[Records from a collection]
☆ ☆ ☆ ☆ ☆ ☆ ☆
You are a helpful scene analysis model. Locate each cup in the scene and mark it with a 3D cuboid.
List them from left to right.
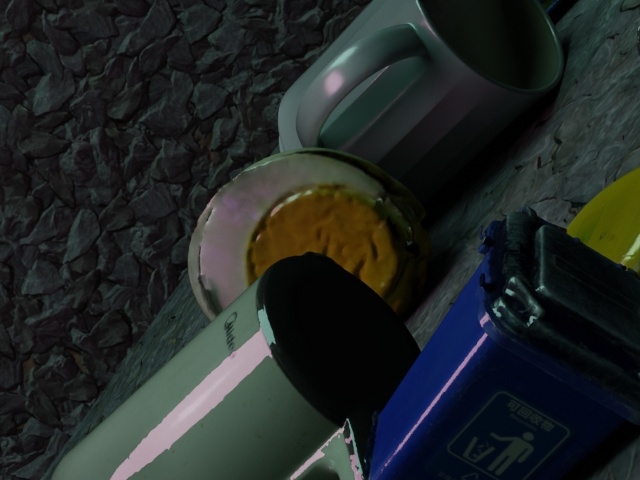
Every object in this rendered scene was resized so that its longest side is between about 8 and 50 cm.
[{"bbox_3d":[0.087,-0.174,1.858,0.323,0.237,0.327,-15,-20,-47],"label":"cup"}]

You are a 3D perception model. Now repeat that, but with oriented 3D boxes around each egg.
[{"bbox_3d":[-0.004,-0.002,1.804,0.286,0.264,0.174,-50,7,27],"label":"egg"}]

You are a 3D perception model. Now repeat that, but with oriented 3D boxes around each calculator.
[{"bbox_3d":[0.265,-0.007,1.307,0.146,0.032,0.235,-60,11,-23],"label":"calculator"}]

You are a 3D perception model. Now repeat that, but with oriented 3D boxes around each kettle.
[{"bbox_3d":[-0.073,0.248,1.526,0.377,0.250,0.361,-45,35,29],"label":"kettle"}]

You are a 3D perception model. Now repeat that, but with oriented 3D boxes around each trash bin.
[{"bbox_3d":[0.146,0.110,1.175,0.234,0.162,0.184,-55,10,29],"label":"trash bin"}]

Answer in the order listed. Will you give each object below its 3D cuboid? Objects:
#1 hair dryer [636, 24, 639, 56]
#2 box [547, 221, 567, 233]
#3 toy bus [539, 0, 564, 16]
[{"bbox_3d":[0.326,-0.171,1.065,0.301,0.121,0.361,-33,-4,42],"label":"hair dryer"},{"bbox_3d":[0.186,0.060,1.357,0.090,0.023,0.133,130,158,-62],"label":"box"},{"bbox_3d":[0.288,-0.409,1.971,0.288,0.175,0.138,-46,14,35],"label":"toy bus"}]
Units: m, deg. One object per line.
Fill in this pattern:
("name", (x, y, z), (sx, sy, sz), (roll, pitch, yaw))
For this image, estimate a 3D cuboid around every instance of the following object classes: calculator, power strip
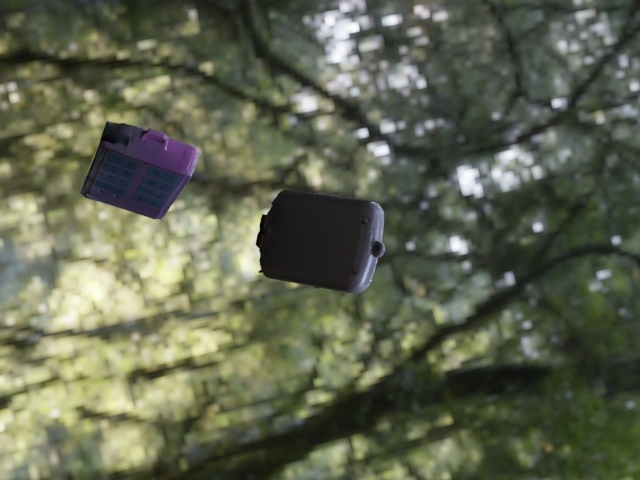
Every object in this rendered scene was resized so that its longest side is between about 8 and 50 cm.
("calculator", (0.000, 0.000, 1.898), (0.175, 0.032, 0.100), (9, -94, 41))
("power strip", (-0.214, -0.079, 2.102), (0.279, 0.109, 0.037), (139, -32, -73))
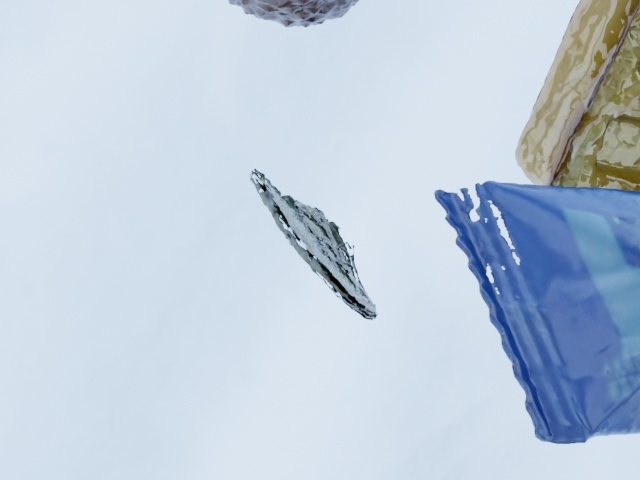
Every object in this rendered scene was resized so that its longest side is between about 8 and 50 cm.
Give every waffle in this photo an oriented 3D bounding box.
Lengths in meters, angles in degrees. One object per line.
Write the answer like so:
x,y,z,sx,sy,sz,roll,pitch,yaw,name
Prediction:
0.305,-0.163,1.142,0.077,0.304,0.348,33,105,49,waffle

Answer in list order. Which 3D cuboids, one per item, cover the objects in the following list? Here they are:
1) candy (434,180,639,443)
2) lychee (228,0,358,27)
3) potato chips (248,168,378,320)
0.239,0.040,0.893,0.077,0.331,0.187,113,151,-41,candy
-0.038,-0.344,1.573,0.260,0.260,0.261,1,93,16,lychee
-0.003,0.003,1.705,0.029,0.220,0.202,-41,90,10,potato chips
☆ ☆ ☆ ☆ ☆ ☆ ☆
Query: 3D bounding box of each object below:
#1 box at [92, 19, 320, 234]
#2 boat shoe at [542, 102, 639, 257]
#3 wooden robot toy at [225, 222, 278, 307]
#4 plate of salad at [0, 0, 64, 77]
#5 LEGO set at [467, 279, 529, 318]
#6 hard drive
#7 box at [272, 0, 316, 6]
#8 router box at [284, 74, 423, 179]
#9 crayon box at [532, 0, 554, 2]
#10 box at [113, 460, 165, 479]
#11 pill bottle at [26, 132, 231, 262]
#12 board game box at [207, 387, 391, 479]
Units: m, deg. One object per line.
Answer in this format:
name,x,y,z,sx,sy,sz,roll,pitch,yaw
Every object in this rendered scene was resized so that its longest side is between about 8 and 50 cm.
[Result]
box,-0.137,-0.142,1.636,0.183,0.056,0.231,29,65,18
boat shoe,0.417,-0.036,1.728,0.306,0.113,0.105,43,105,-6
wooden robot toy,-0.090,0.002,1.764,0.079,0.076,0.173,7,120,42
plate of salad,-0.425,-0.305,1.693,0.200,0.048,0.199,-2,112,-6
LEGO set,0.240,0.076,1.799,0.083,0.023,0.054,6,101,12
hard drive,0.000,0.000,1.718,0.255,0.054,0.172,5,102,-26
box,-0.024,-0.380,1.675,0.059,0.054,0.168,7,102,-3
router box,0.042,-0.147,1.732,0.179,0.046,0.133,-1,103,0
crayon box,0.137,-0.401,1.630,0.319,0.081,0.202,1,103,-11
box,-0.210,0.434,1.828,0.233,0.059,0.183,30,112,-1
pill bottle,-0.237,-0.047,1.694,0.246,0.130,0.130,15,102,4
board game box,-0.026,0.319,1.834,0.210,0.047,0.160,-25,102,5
☆ ☆ ☆ ☆ ☆ ☆ ☆
- What you have to do
Respond with the exact lines above running from the one containing "You are a helpful" to the one containing "#1 hair dryer [636, 24, 639, 56]", both ends kept and no pictures included.

- Your response
You are a helpful scene analysis model. Locate each cup in the scene and mark it with a 3D cuboid.
List them from left to right.
Every object in this rendered scene was resized so that its longest side is between about 8 and 50 cm.
[{"bbox_3d":[0.087,-0.174,1.858,0.323,0.237,0.327,-15,-20,-47],"label":"cup"}]

You are a 3D perception model. Now repeat that, but with oriented 3D boxes around each egg.
[{"bbox_3d":[-0.004,-0.002,1.804,0.286,0.264,0.174,-50,7,27],"label":"egg"}]

You are a 3D perception model. Now repeat that, but with oriented 3D boxes around each calculator.
[{"bbox_3d":[0.265,-0.007,1.307,0.146,0.032,0.235,-60,11,-23],"label":"calculator"}]

You are a 3D perception model. Now repeat that, but with oriented 3D boxes around each kettle.
[{"bbox_3d":[-0.073,0.248,1.526,0.377,0.250,0.361,-45,35,29],"label":"kettle"}]

You are a 3D perception model. Now repeat that, but with oriented 3D boxes around each trash bin.
[{"bbox_3d":[0.146,0.110,1.175,0.234,0.162,0.184,-55,10,29],"label":"trash bin"}]

Answer in the order listed. Will you give each object below its 3D cuboid? Objects:
#1 hair dryer [636, 24, 639, 56]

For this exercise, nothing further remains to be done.